The world of theology and film studies may well be the most popular and fastest-growing field in theological education. We have seen a rush of books to the shelves ranging from The Gospel According To‘s to Theology and Who/Whatever. Some of these texts offer brilliant interpretations of much-loved films and television programs. Fewer still offer significant contributions to theological study. Even fewer manage to walk that fine where film criticism and theology inform and illuminate one another. Craig Detweiler‘s latest book, Into the Dark: Seeing the Sacred in the Top Films of the 21st Century, is one of those rare texts.In Into the Dark, Detweiler looks to an unlikely source to guide his movie selection, The Internet Movie Database. For Detweiler, this fan site becomes a place of serious reflection on films given users’ impassioned reviews that often lead to heated discussions. Detweiler offers a couple of appendices that illustrate his resource, The Top 250 Movies as Voted by IMDb Users on January 1, 2007. From this list, he culls the 45 films made in the 21st century. He returns to the list on April 15, 2008 and finds that 53 21st century films occupy the list with new ones added, some disappearing, and others repositioned higher or lower on the list. For Detweiler, this list represents a developing new cinematic canon. He writes, "The IMDb offers both a long view of cinematic history and an immediate snapshot of a film’s relative popularity and power. […] The IMDb offers an unparalleled, highly democratic portrait of films that have moved the human spirit" (27).
Through his survey of these popular films, Detweiler detects consistent themes. Broadly speaking, these themes deal with individuality, community, and history. More specifically, these films challenge the myth of the ahistorical, autonomous individual. They cause us to recognize and unmask our sin. They examine postmodern relationships. They focus on communities in crisis and everyday ethics in community. They address our need to engage with our past in order to move into the future. They provide moments for and a critique of nostalgia. All of these, identity, community, and history, Detweiler argues, provide a strong starting point for theological reflection.

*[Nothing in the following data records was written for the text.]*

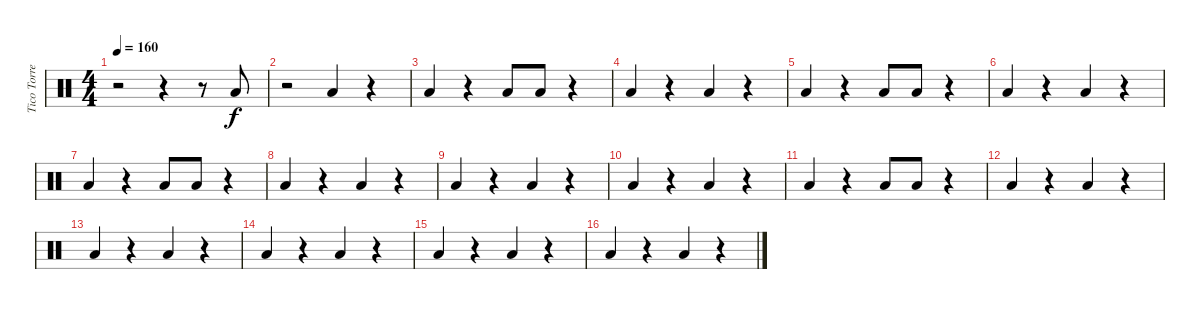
\track ("Tico Torres" "Tico Torre") {instrument percussion}
\staff {score}
\articulation defaults
\ts (4 4)
\tempo 160
\clef neutral
\ks c
r.2{dy f} r.4 r.8 "Low Floor Tom (hit)".8 |
r.2 "Low Floor Tom (hit)".4 r.4 |
"Low Floor Tom (hit)".4 r.4 "Low Floor Tom (hit)".8 "Low Floor Tom (hit)".8 r.4 |
"Low Floor Tom (hit)".4 r.4 "Low Floor Tom (hit)".4 r.4 |
"Low Floor Tom (hit)".4 r.4 "Low Floor Tom (hit)".8 "Low Floor Tom (hit)".8 r.4 |
"Low Floor Tom (hit)".4 r.4 "Low Floor Tom (hit)".4 r.4 |
"Low Floor Tom (hit)".4 r.4 "Low Floor Tom (hit)".8 "Low Floor Tom (hit)".8 r.4 |
"Low Floor Tom (hit)".4 r.4 "Low Floor Tom (hit)".4 r.4 |
"Low Floor Tom (hit)".4 r.4 "Low Floor Tom (hit)".4 r.4 |
"Low Floor Tom (hit)".4 r.4 "Low Floor Tom (hit)".4 r.4 |
"Low Floor Tom (hit)".4 r.4 "Low Floor Tom (hit)".8 "Low Floor Tom (hit)".8 r.4 |
"Low Floor Tom (hit)".4 r.4 "Low Floor Tom (hit)".4 r.4 |
"Low Floor Tom (hit)".4 r.4 "Low Floor Tom (hit)".4 r.4 |
"Low Floor Tom (hit)".4 r.4 "Low Floor Tom (hit)".4 r.4 |
"Low Floor Tom (hit)".4 r.4 "Low Floor Tom (hit)".4 r.4 |
"Low Floor Tom (hit)".4 r.4 "Low Floor Tom (hit)".4 r.4

Few writers in this field so clearly and directly outline their theological methodology for interacting with film the way that Detweiler does. He argues for a return to the notion of general revelation to accompany our (over?)emphasis on specific revelation. If God could speak through Balaam’s ass, then surely God can speak through one of Paul Schrader‘s scripts. Detweiler relies heavily on the theology of Hans Urs von Balthasar and Jurgen Moltmann. Balthasar argued that beauty can lead to goodness and truth, thus reversing the Enlightenment notion that dogma necessarily drives ethics. Detweiler explains, "Our ethical notions flow out of God’s beautiful and dramatic actions. The law arose after God freed Israel from slavery in Egypt. Paul’s doctrines for the early church followed in response to the embodied faith and practices of Jesus” (40).
Like Gusteau in Ratatouille, who claims that everyone can cook, theologian Jurgen Moltmann claims that everyone, including atheists, is a theologian. Moltmann advocates a public theology that relies heavily on general revelation. Detweiler writes, "Anybody can be a theologian if they’re willing ot ask the hard questions, to address God directly with their deepest hurts and darkest doubts. This is where enduring films begin" (38).

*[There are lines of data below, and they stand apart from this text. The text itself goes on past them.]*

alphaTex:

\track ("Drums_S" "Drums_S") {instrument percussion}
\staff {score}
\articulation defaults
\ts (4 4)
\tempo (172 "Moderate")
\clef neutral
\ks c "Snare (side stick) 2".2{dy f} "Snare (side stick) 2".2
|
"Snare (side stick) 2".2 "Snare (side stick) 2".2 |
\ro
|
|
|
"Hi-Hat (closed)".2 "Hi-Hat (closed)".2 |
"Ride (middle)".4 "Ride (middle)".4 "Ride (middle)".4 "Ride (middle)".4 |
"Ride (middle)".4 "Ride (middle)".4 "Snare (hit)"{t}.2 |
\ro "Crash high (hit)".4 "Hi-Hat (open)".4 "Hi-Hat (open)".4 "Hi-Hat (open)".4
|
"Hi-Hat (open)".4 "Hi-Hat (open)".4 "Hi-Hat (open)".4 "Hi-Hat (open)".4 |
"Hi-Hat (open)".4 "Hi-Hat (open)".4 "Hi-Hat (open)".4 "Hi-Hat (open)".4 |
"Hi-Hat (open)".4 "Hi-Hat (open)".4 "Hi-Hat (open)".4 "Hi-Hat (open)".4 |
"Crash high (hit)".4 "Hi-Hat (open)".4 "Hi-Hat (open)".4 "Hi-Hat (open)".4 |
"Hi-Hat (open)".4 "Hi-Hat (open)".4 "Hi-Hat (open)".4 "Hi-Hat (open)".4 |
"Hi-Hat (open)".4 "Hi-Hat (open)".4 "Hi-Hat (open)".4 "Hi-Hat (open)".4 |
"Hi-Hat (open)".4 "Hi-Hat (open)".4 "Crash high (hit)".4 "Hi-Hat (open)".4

The films that he discusses throughout his book do just that. Within each chapter, Detweiler references a host of films, but he focuses on two that serve as particularly important examples of the themes he discusses. For identity, he focuses on Memento and Eternal Sunshine of the Spotless Mind. The first questions our notions of objectivity and the second “gives us the pleasure of romantic pursuit but then unravels it” (108). For his discussion of community, he examines Crash (communities in crisis) and Talk to Her (everyday ethics in community). Talk to Her, like Million Dollar Baby, focuses on end of life issues but in a shockingly more complex way. For history, he turns to Finding Neverland and Spirited Away. The former addresses the presence of nostalgia and imagination in history while the latter represents our need for fantasy and our desire to return to and tend the garden from whence we have come.
Far from leading him away form the church or scripture, Detweiler relies on both for his film criticism and relies on films to help enrich his reading of scripture and participation in the Church. He writes, "I am suggesting that a close reading of Eternal Sunshine might reawaken our neglect of potent but underexplored biblical passages like Song of Songs. Our wearying life experiences that resonate with Eternal Sunshine may find fresh connections in Ecclesiastes" (118). He ends with something of a shocking conclusion given the cinematic focus of his text: "The Holy Trinity invites me to join their community, to follow their conversation, to join their sacred song. Sometimes I praise God through the natural world. Other times I find Christ revealed in Scripture. The Holy Spirit still sneaks up on me, in the dark. But much to my surprise, that transcendent moment now occurs more often in the Eucharist than in the movies. What a surprising conclusion to this highly cinematic story" (279). On the other hand, this is not necessarily surprising, for while Detweiler lets the films speak for themselves, theologizing as they will, he still watches and writes with a theological framework that recognizes God’s love and desire for us to be in peaceful, loving communion with her and one another.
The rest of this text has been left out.